Task data
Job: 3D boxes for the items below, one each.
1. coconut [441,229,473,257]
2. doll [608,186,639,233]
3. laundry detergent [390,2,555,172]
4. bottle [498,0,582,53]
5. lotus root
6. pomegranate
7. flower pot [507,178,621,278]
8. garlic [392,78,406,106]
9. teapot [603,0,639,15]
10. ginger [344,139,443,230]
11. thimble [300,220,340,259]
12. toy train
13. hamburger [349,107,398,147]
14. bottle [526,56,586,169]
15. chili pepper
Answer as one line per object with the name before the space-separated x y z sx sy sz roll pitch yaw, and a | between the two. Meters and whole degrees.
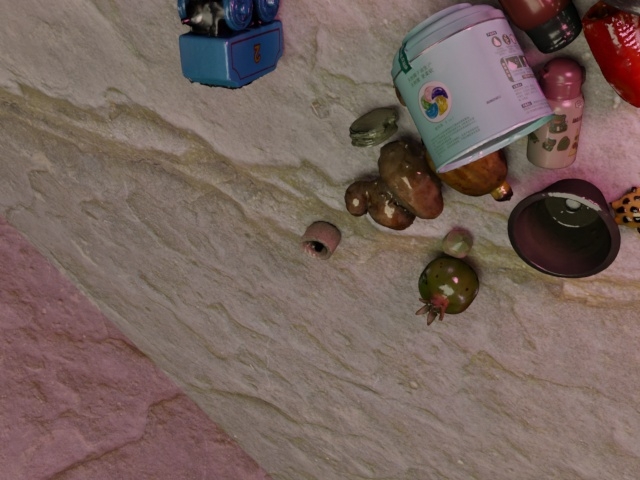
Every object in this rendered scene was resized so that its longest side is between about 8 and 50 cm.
coconut | 0.400 0.009 1.949 0.081 0.082 0.083 137 123 -70
doll | 0.844 -0.089 1.600 0.291 0.086 0.117 -12 90 35
laundry detergent | 0.326 -0.349 1.505 0.287 0.287 0.305 -29 83 43
bottle | 0.429 -0.550 1.417 0.144 0.144 0.336 -23 113 41
lotus root | 0.381 -0.207 1.735 0.314 0.141 0.169 40 139 -18
pomegranate | 0.365 0.154 1.987 0.181 0.224 0.182 23 140 21
flower pot | 0.624 -0.051 1.700 0.268 0.166 0.269 17 133 19
garlic | 0.228 -0.390 1.695 0.066 0.152 0.084 -16 91 -4
teapot | 0.680 -0.534 1.209 0.321 0.239 0.239 19 136 15
ginger | 0.208 -0.132 1.885 0.244 0.155 0.304 41 135 -9
thimble | 0.000 0.000 2.167 0.115 0.090 0.102 26 138 7
toy train | -0.227 -0.528 1.708 0.187 0.300 0.265 12 121 22
hamburger | 0.141 -0.301 1.799 0.133 0.140 0.062 29 149 58
bottle | 0.554 -0.300 1.570 0.120 0.120 0.253 12 131 21
chili pepper | 0.684 -0.359 1.438 0.338 0.131 0.134 48 164 -22

Exercise description
All entries above should be returned exactly, apart from their pictures.

Response to this task
Job: 3D boxes for the items below, one each.
1. coconut [441,229,473,257]
2. doll [608,186,639,233]
3. laundry detergent [390,2,555,172]
4. bottle [498,0,582,53]
5. lotus root
6. pomegranate
7. flower pot [507,178,621,278]
8. garlic [392,78,406,106]
9. teapot [603,0,639,15]
10. ginger [344,139,443,230]
11. thimble [300,220,340,259]
12. toy train
13. hamburger [349,107,398,147]
14. bottle [526,56,586,169]
15. chili pepper
Answer as one line per object with the name before the space-separated x y z sx sy sz roll pitch yaw, and a | between the two. Meters and whole degrees.
Every object in this rendered scene was resized so that its longest side is between about 8 and 50 cm.
coconut | 0.400 0.009 1.949 0.081 0.082 0.083 137 123 -70
doll | 0.844 -0.089 1.600 0.291 0.086 0.117 -12 90 35
laundry detergent | 0.326 -0.349 1.505 0.287 0.287 0.305 -29 83 43
bottle | 0.429 -0.550 1.417 0.144 0.144 0.336 -23 113 41
lotus root | 0.381 -0.207 1.735 0.314 0.141 0.169 40 139 -18
pomegranate | 0.365 0.154 1.987 0.181 0.224 0.182 23 140 21
flower pot | 0.624 -0.051 1.700 0.268 0.166 0.269 17 133 19
garlic | 0.228 -0.390 1.695 0.066 0.152 0.084 -16 91 -4
teapot | 0.680 -0.534 1.209 0.321 0.239 0.239 19 136 15
ginger | 0.208 -0.132 1.885 0.244 0.155 0.304 41 135 -9
thimble | 0.000 0.000 2.167 0.115 0.090 0.102 26 138 7
toy train | -0.227 -0.528 1.708 0.187 0.300 0.265 12 121 22
hamburger | 0.141 -0.301 1.799 0.133 0.140 0.062 29 149 58
bottle | 0.554 -0.300 1.570 0.120 0.120 0.253 12 131 21
chili pepper | 0.684 -0.359 1.438 0.338 0.131 0.134 48 164 -22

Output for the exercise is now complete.